The data were analysed using STATA 11 standard edition software (StataCorp, TX, USA). The data were summarized using frequency tables and cross tabulation. Cross tabulation was done to assess the association between knowledge of the benefits of under-five vaccination and awareness of the forthcoming malaria vaccine; and between knowledge of the benefits of under-five vaccination and willingness to use a malaria vaccine. Categorical data was reported with numbers and percentage and their associated p values. Cross tabulation and Chi square was used to test association between variables in a two by two table. Fisher’s exact test was used to compare proportions in two by two tables where expected value in a cell was less than five. Univariate logistic regression was used to determine the magnitude of association for each exposure variable and outcome variable. Variables that showed association at a 0.25 significance level in univariate analysis were considered as candidates for the multivariate analysis. Multiple logistic regressions were used to determine the association between willingness and the primary exposure variable, while controlling for possible confounders. P values of less than or equal to 0.05 were considered significant.

Ethical approval

The study was part of the Tanzanian Integrated Measles Campaign (IMC) survey in November 2011 and received ethical approval from the Institutional Review Boards of Ifakara Health Institute. Written informed consent was obtained from all participants prior to the start of the interviews.

Results

Data was collected using structured questionnaires (Additional file 1) that assessed mothers of eligible children on awareness and willingness to use a malaria vaccine, health benefits of vaccinating under-five children, mode of administering malaria vaccine and its proposed schedule. The study involved 5502 mothers whom were asked about awareness of the forthcoming malaria vaccine, 11.8 % of participants in mainland Tanzania responded affirmatively, compared to 3.4 % in Zanzibar (Additional file 2); (p value <0.0001) (Table 1). 94.5 % of respondents were willing to take their children to get malaria vaccination, with a slight difference between mainland Tanzania (94.3 %) and Zanzibar (96.8 %) (Additional file 2); (p value = 0.0167) (Table 1).
Table 1

Comparison of perceived indicators of malaria vaccine between Zanzibar and Mainland, Tanzania

Perceived indicator

Zanzibar

Mainland

p value

Willingness

96.8 (511/528)

94.3 (4690/4974)

0.0167

Awareness

3.4 (18/528)

11.8 (589/4974)

<0.0001

Benefit

87.9 (464/528)

88.5 (4400/4974)

0.6917

Delivery mode

68.8 (363/528)

82.6 (4110/4974)

<0.0001

Proposed schedule

87.1 (460/528)

86.7 (4312/4974)

0.7816

ITN ownership

73.1 (386/528)

71.5 (3557/4974)

0.4380

Received EPI vaccines

90.8 (1316/1449)

83.8 (3353/4001)

<0.0001

Received measles vaccines

72.3 (1109/1534)

72.2 (5412/7498)

0.9378

Most (88.4 %) of the respondents reported knowing the benefits of vaccinating children under-five, with 88.5 %in mainland Tanzania and 87.9 % in Zanzibar (Additional file 3). The difference was not statistically significant (p value = 0.6917) (Table 1). The majority (81.3 %) of respondents reported accepting the mode of administering the malaria vaccine (2-3 jabs), with a high proportion (82.6 %) of acceptability among mainland Tanzanians than in Zanzibar (68.8 %) (Additional file 3); (p value <0.0001) (Table 1). Most (86.7 %) respondents would send their children for malaria vaccine according to the proposed schedule, with 86.7 % of respondents in mainland Tanzania and 87.1 % of respondents in Zanzibar (Additional file 3); the difference was not statistically significant (p value = 0.7816) (Table 1).

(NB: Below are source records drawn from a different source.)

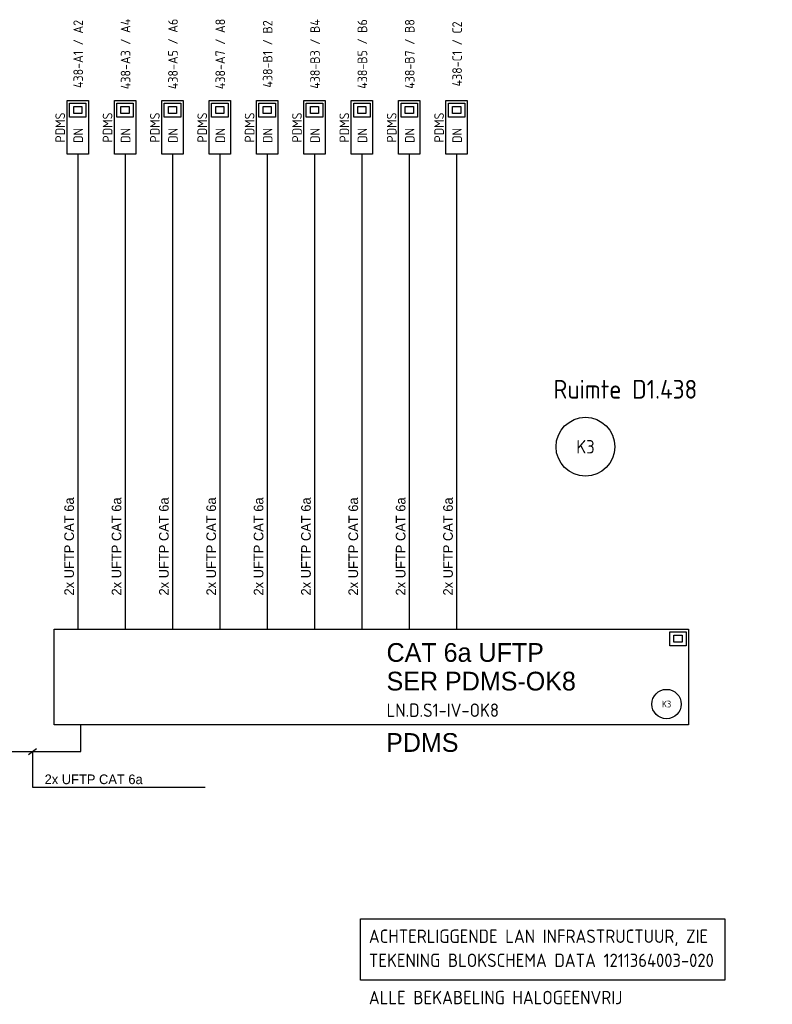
# Model space of a CAD drawing. Header units: millimetres. Extents: x -54 to 1704, y -342 to 469.
# Tile 16 of 17: x 1564 to 1704, y -241 to -57. Entities that reach past the tile are written whole.
import ezdxf
from ezdxf.enums import TextEntityAlignment as Align

# ---------------------------------------------------------------- set-up
doc = ezdxf.new("R2010")
doc.units = ezdxf.units.MM
for name, color, linetype in [('00kad025', 2, 'Continuous'), ('AT$1A---_BIJSCHRIFT', 7, 'Continuous'), ('AT$1A---_TEKST', 2, 'Continuous'), ('E--L6100', 3, 'Continuous'), ('E--L6400', 3, 'Continuous'), ('EB6122--_ATTRIB', 2, 'Continuous'), ('EB6441--_ATTRIB', 2, 'Continuous'), ('EL6122--_AARD-NEN3134', 3, 'Continuous'), ('EL6441--_DN', 7, 'Continuous')]:
    doc.layers.add(name, color=color, linetype=linetype)
doc.styles.add('1_8', font='ISO.shx', dxfattribs={"height": 1.8})
doc.styles.add('2_5', font='iso.shx', dxfattribs={"height": 2.5})
doc.styles.add('GBB_ISOP', font='b-gbp3.shx')
doc.styles.add('NORATT', font='isocp.shx')
doc.styles.add('Normaal_staand', font='iso.shx')

# ---------------------------------------------------------------- blocks, each defined once
blk = doc.blocks.new('ES3134')
at = {"color": 0}
blk.add_circle((0, 0), 5.5, dxfattribs=at)
at = {"style": '1_8', "flags": 8}
blk.add_attdef('M_CODE', text='', height=1.8, dxfattribs=at).set_placement((0, 0), align=Align.MIDDLE_CENTER)
at = {"color": 0, "style": '2_5', "flags": 8}
blk.add_attdef('CODE', text='', height=2.5, dxfattribs=at).set_placement((0, 0), align=Align.MIDDLE)
blk = doc.blocks.new('DATA-LS3')
at = {"layer": 'E--L6400', "color": 2, "linetype": 'Continuous'}
blk.add_line((3.1, 0), (0, 0), dxfattribs=at)
for points in [[(13.1, -2), (3.1, -2), (3.1, 2), (13.1, 2)], [(12.63, 1.53), (12.63, -1.54), (10.01, -1.54), (10.01, 1.53)], [(11.98, 0.76), (11.98, -0.77), (10.67, -0.77), (10.67, 0.76)]]:
    blk.add_lwpolyline(points, close=True, dxfattribs=at)
at = {"style": 'NORATT'}
for tag, flags, p in [('CODE', 9, (8.06, 6.75)), ('M_CODE', 8, (8.06, 3.75))]:
    blk.add_attdef(tag, text='', height=1.8, dxfattribs=dict(at, flags=flags)).set_placement(p, align=Align.MIDDLE_CENTER)
for tag, flags, p in [('PANEEL', 9, (0, 3)), ('GRP', 8, (0, -5)), ('RUIMTE', 9, (0, -7.5))]:
    blk.add_attdef(tag, text='', height=1.8, dxfattribs=dict(at, flags=flags)).set_placement(p, align=Align.MIDDLE_LEFT)
at = {"color": 1, "style": 'NORATT'}
blk.add_attdef('DATACODE', text='', height=1.8, dxfattribs=at).set_placement((8.06, 3.75), align=Align.MIDDLE_CENTER)
blk.add_attdef('DATA-TST', text='', height=1.8, dxfattribs=at).set_placement((4.62, 0), align=Align.MIDDLE_LEFT)

msp = doc.modelspace()

# ---------------------------------------------------------------- linework, layer by layer
at = {"color": 1}
msp.add_line((1565.24, -194.75), (1566.75, -193.61), dxfattribs=at)
at = {"color": 3}
msp.add_lwpolyline([(1570.02, -171.34), (1688.57, -171.34), (1688.57, -189.18), (1570.02, -189.18)], close=True, dxfattribs=at)
at = {"color": 1}
for points in [[(1556.96, -189.18), (1556.96, -194.18), (1575.02, -194.18), (1575.02, -189.18)], [(1565.99, -194.18), (1565.99, -200.81), (1598.27, -200.81)]]:
    msp.add_lwpolyline(points, dxfattribs=at)
at = {"layer": '00kad025'}
msp.add_lwpolyline([(1627.3, -225.43), (1695.34, -225.43), (1695.34, -236.91), (1627.3, -236.91)], close=True, dxfattribs=at)
at = {"layer": 'E--L6100', "color": 1}
for points in [[(1574.45, -85.69), (1574.45, -171.34)], [(1583.29, -85.69), (1583.29, -171.34)], [(1592.14, -85.69), (1592.14, -171.34)], [(1600.99, -85.69), (1600.99, -171.34)], [(1609.84, -85.69), (1609.84, -171.34)], [(1618.68, -85.69), (1618.68, -171.34)], [(1627.53, -85.69), (1627.53, -171.34)], [(1636.38, -85.69), (1636.38, -171.34)], [(1645.23, -85.69), (1645.23, -171.34)]]:
    msp.add_lwpolyline(points, dxfattribs=at)
at = {"layer": 'E--L6400', "color": 2, "linetype": 'Continuous'}
for points in [[(1685.05, -171.81), (1688.11, -171.81), (1688.11, -174.43), (1685.05, -174.43)], [(1685.81, -172.46), (1687.35, -172.46), (1687.35, -173.77), (1685.81, -173.77)]]:
    msp.add_lwpolyline(points, close=True, dxfattribs=at)

# ---------------------------------------------------------------- block references
at = {"layer": 'EL6122--_AARD-NEN3134'}
ref = msp.add_blockref('ES3134', (1669.3, -137.26), dxfattribs=at)
ref.add_attrib('CODE', 'K3', dxfattribs={"layer": 'EB6122--_ATTRIB', "color": 2, "height": 2.5, "style": 'NORATT', "flags": 8}).set_placement((1669.3, -137.26), align=Align.MIDDLE)
ref = msp.add_blockref('ES3134', (1684.45, -185.32), dxfattribs=dict(at, xscale=0.5, yscale=0.5, zscale=0.5))
ref.add_attrib('CODE', 'K3', dxfattribs={"layer": 'EB6122--_ATTRIB', "color": 2, "height": 1.25, "style": 'NORATT', "flags": 8}).set_placement((1684.45, -185.32), align=Align.MIDDLE)
at = {"layer": 'EL6441--_DN'}
ref = msp.add_blockref('DATA-LS3', (1574.45, -85.69), dxfattribs=dict(at, rotation=90))
ref.add_attrib('DATACODE', '438-A1 / A2', dxfattribs={"layer": 'EB6441--_ATTRIB', "color": 1, "height": 1.8, "rotation": 90, "style": 'NORATT', "oblique": 360}).set_placement((1574.54, -63.89), align=Align.MIDDLE_CENTER)
ref.add_attrib('DATA-TST', 'DN', dxfattribs={"layer": 'EB6441--_ATTRIB', "color": 1, "height": 1.8, "rotation": 90, "style": 'NORATT', "oblique": 360}).set_placement((1574.54, -79.11), align=Align.MIDDLE_CENTER)
ref.add_attrib('M_CODE', 'PDMS', dxfattribs={"layer": 'EB6441--_ATTRIB', "color": 1, "height": 1.8, "rotation": 90, "style": 'NORATT', "flags": 8}).set_placement((1571.17, -77.63), align=Align.MIDDLE_CENTER)
ref = msp.add_blockref('DATA-LS3', (1583.29, -85.69), dxfattribs=dict(at, rotation=90))
ref.add_attrib('DATACODE', '438-A3 / A4', dxfattribs={"layer": 'EB6441--_ATTRIB', "color": 1, "height": 1.8, "rotation": 90, "style": 'NORATT', "oblique": 360}).set_placement((1583.39, -63.89), align=Align.MIDDLE_CENTER)
ref.add_attrib('DATA-TST', 'DN', dxfattribs={"layer": 'EB6441--_ATTRIB', "color": 1, "height": 1.8, "rotation": 90, "style": 'NORATT', "oblique": 360}).set_placement((1583.39, -79.11), align=Align.MIDDLE_CENTER)
ref.add_attrib('M_CODE', 'PDMS', dxfattribs={"layer": 'EB6441--_ATTRIB', "color": 1, "height": 1.8, "rotation": 90, "style": 'NORATT', "flags": 8}).set_placement((1580.02, -77.63), align=Align.MIDDLE_CENTER)
ref = msp.add_blockref('DATA-LS3', (1592.14, -85.69), dxfattribs=dict(at, rotation=90))
ref.add_attrib('DATACODE', '438-A5 / A6', dxfattribs={"layer": 'EB6441--_ATTRIB', "color": 1, "height": 1.8, "rotation": 90, "style": 'NORATT', "oblique": 360}).set_placement((1592.24, -63.89), align=Align.MIDDLE_CENTER)
ref.add_attrib('DATA-TST', 'DN', dxfattribs={"layer": 'EB6441--_ATTRIB', "color": 1, "height": 1.8, "rotation": 90, "style": 'NORATT', "oblique": 360}).set_placement((1592.24, -79.11), align=Align.MIDDLE_CENTER)
ref.add_attrib('M_CODE', 'PDMS', dxfattribs={"layer": 'EB6441--_ATTRIB', "color": 1, "height": 1.8, "rotation": 90, "style": 'NORATT', "flags": 8}).set_placement((1588.86, -77.63), align=Align.MIDDLE_CENTER)
ref = msp.add_blockref('DATA-LS3', (1600.99, -85.69), dxfattribs=dict(at, rotation=90))
ref.add_attrib('DATACODE', '438-A7 / A8', dxfattribs={"layer": 'EB6441--_ATTRIB', "color": 1, "height": 1.8, "rotation": 90, "style": 'NORATT', "oblique": 360}).set_placement((1601.08, -63.89), align=Align.MIDDLE_CENTER)
ref.add_attrib('DATA-TST', 'DN', dxfattribs={"layer": 'EB6441--_ATTRIB', "color": 1, "height": 1.8, "rotation": 90, "style": 'NORATT', "oblique": 360}).set_placement((1601.08, -79.11), align=Align.MIDDLE_CENTER)
ref.add_attrib('M_CODE', 'PDMS', dxfattribs={"layer": 'EB6441--_ATTRIB', "color": 1, "height": 1.8, "rotation": 90, "style": 'NORATT', "flags": 8}).set_placement((1597.71, -77.63), align=Align.MIDDLE_CENTER)
ref = msp.add_blockref('DATA-LS3', (1609.84, -85.69), dxfattribs=dict(at, rotation=90))
ref.add_attrib('DATACODE', '438-B1 / B2', dxfattribs={"layer": 'EB6441--_ATTRIB', "color": 1, "height": 1.8, "rotation": 90, "style": 'NORATT', "oblique": 360}).set_placement((1609.93, -63.89), align=Align.MIDDLE_CENTER)
ref.add_attrib('DATA-TST', 'DN', dxfattribs={"layer": 'EB6441--_ATTRIB', "color": 1, "height": 1.8, "rotation": 90, "style": 'NORATT', "oblique": 360}).set_placement((1609.93, -79.11), align=Align.MIDDLE_CENTER)
ref.add_attrib('M_CODE', 'PDMS', dxfattribs={"layer": 'EB6441--_ATTRIB', "color": 1, "height": 1.8, "rotation": 90, "style": 'NORATT', "flags": 8}).set_placement((1606.56, -77.63), align=Align.MIDDLE_CENTER)
ref = msp.add_blockref('DATA-LS3', (1618.68, -85.69), dxfattribs=dict(at, rotation=90))
ref.add_attrib('DATACODE', '438-B3 / B4', dxfattribs={"layer": 'EB6441--_ATTRIB', "color": 1, "height": 1.8, "rotation": 90, "style": 'NORATT', "oblique": 360}).set_placement((1618.78, -63.89), align=Align.MIDDLE_CENTER)
ref.add_attrib('DATA-TST', 'DN', dxfattribs={"layer": 'EB6441--_ATTRIB', "color": 1, "height": 1.8, "rotation": 90, "style": 'NORATT', "oblique": 360}).set_placement((1618.78, -79.11), align=Align.MIDDLE_CENTER)
ref.add_attrib('M_CODE', 'PDMS', dxfattribs={"layer": 'EB6441--_ATTRIB', "color": 1, "height": 1.8, "rotation": 90, "style": 'NORATT', "flags": 8}).set_placement((1615.41, -77.63), align=Align.MIDDLE_CENTER)
ref = msp.add_blockref('DATA-LS3', (1627.53, -85.69), dxfattribs=dict(at, rotation=90))
ref.add_attrib('DATACODE', '438-B5 / B6', dxfattribs={"layer": 'EB6441--_ATTRIB', "color": 1, "height": 1.8, "rotation": 90, "style": 'NORATT', "oblique": 360}).set_placement((1627.62, -63.89), align=Align.MIDDLE_CENTER)
ref.add_attrib('DATA-TST', 'DN', dxfattribs={"layer": 'EB6441--_ATTRIB', "color": 1, "height": 1.8, "rotation": 90, "style": 'NORATT', "oblique": 360}).set_placement((1627.62, -79.11), align=Align.MIDDLE_CENTER)
ref.add_attrib('M_CODE', 'PDMS', dxfattribs={"layer": 'EB6441--_ATTRIB', "color": 1, "height": 1.8, "rotation": 90, "style": 'NORATT', "flags": 8}).set_placement((1624.25, -77.63), align=Align.MIDDLE_CENTER)
ref = msp.add_blockref('DATA-LS3', (1636.38, -85.69), dxfattribs=dict(at, rotation=90))
ref.add_attrib('DATACODE', '438-B7 / B8', dxfattribs={"layer": 'EB6441--_ATTRIB', "color": 1, "height": 1.8, "rotation": 90, "style": 'NORATT', "oblique": 360}).set_placement((1636.47, -63.89), align=Align.MIDDLE_CENTER)
ref.add_attrib('DATA-TST', 'DN', dxfattribs={"layer": 'EB6441--_ATTRIB', "color": 1, "height": 1.8, "rotation": 90, "style": 'NORATT', "oblique": 360}).set_placement((1636.47, -79.11), align=Align.MIDDLE_CENTER)
ref.add_attrib('M_CODE', 'PDMS', dxfattribs={"layer": 'EB6441--_ATTRIB', "color": 1, "height": 1.8, "rotation": 90, "style": 'NORATT', "flags": 8}).set_placement((1633.1, -77.63), align=Align.MIDDLE_CENTER)
ref = msp.add_blockref('DATA-LS3', (1645.23, -85.69), dxfattribs=dict(at, rotation=90))
ref.add_attrib('DATACODE', '438-C1 / C2', dxfattribs={"layer": 'EB6441--_ATTRIB', "color": 1, "height": 1.8, "rotation": 90, "style": 'NORATT', "oblique": 360}).set_placement((1645.32, -63.89), align=Align.MIDDLE_CENTER)
ref.add_attrib('DATA-TST', 'DN', dxfattribs={"layer": 'EB6441--_ATTRIB', "color": 1, "height": 1.8, "rotation": 90, "style": 'NORATT', "oblique": 360}).set_placement((1645.32, -79.11), align=Align.MIDDLE_CENTER)
ref.add_attrib('M_CODE', 'PDMS', dxfattribs={"layer": 'EB6441--_ATTRIB', "color": 1, "height": 1.8, "rotation": 90, "style": 'NORATT', "flags": 8}).set_placement((1641.95, -77.63), align=Align.MIDDLE_CENTER)

# ---------------------------------------------------------------- texts
at = {"layer": '00kad025', "color": 2, "style": 'Normaal_staand'}
for s, p in [('ACHTERLIGGENDE LAN INFRASTRUCTUUR, ZIE', (1628.84, -230.68)), ('TEKENING BLOKSCHEMA DATA 1211364003-020', (1628.84, -235.18)), ('ALLE BEKABELING HALOGEENVRIJ', (1628.84, -242.13))]:
    msp.add_text(s, height=2.5, dxfattribs=at).set_placement(p, align=Align.BOTTOM_LEFT)
at = {"layer": 'AT$1A---_BIJSCHRIFT', "color": 2, "style": 'Normaal_staand'}
for s, height, p in [('Ruimte D1.438', 3.5, (1663.31, -126.52)), ('LN.D.S1-IV-OK8', 2.5, (1632.15, -186.46))]:
    msp.add_text(s, height=height, dxfattribs=at).set_placement(p, align=Align.MIDDLE_LEFT)
at = {"layer": 'AT$1A---_TEKST', "style": 'GBB_ISOP'}
for p in [(1574.28, -165.04), (1583.13, -165.04), (1591.98, -165.04), (1600.82, -165.04), (1609.67, -165.04), (1618.52, -165.04), (1627.36, -165.04), (1636.21, -165.04), (1645.06, -165.04)]:
    msp.add_text('2x UFTP CAT 6a', height=1.8, rotation=90, dxfattribs=at).set_placement(p, align=Align.BOTTOM_LEFT)
at = {"layer": 'AT$1A---_TEKST', "color": 3, "style": 'GBB_ISOP'}
for s, p in [('CAT 6a UFTP', (1632.14, -175.68)), ('SER PDMS-OK8', (1632.14, -181.03))]:
    msp.add_text(s, height=3.5, dxfattribs=at).set_placement(p, align=Align.MIDDLE_LEFT)
msp.add_text('PDMS', height=3.5, dxfattribs=at).set_placement((1638.82, -192.49), align=Align.MIDDLE)
at = {"layer": 'AT$1A---_TEKST', "style": 'GBB_ISOP'}
msp.add_text('2x UFTP CAT 6a', height=1.8, dxfattribs=at).set_placement((1568.26, -200.81), align=Align.BOTTOM_LEFT)

doc.saveas('drawing.dxf')

The proportion of respondents with knowledge of malaria prevention, mainly ITN ownership, was 71.7 % overall, and slightly higher in Zanzibar (73.1 %) as compared to mainland Tanzania (71.5 %); the difference was not significant (p value = 0.4380, Table 1). Respondents whose children received EPI vaccines were 84 % overall and significantly (90.8 %) in Zanzibar compared to mainland Tanzania (83.8 %). However, respondents whose children received EPI vaccines were statistically significant (p value <0.0001, Table 1). Overall, 72.2 % of respondents whose children received measles vaccines, respondents whose children received measles vaccines were similar between Zanzibar (72.3 %) and mainland Tanzania (72.2 %). The difference was not statistically significant (p value = 0.9378, Table 1).

Discussion

Understanding community perceptions can help to identify issues to guide policy decisions for introducing the malaria vaccine. These findings are similar to studies documenting the need for early planning for new interventions, essential for policy decision making and relevant information can speed up the efforts to facilitate its implementation [20]. Understanding community perceptions of a malaria vaccine also helps to inform country programme managers responsible for National Malaria Control Programme (NMCP) and EPI/IVB priority setting and planning.

The low (11 %) level of awareness of the forthcoming malaria vaccine and high (94.5 %) willingness to use a malaria vaccine were similar to those found by Colon-Lopez and others for HPV vaccination in Puerto Rico [24], which also indicated low (28.3 %) level of awareness of and high (76.9 %) willingness to use HPV vaccines. Both findings come from settings where none of the study participants had been vaccinated. Despite low awareness about vaccine, mothers are still willing to vaccinate their children. This finding suggests that knowledge does not lead to achievement of vaccine coverage. This is quite consistent in many low-income countries. Thus, creating awareness of the malaria vaccine would be effective; although, currently understanding among respondents is low because the malaria vaccine is new and most people had not yet learned about it. Informing women about the malaria vaccine would likely increase women’s interest in their willingness to use a malaria vaccine. Creating awareness of malaria vaccine could reveal policy-related issues that, once addressed, could facilitate delivery of malaria interventions [9] and child vaccinations [25].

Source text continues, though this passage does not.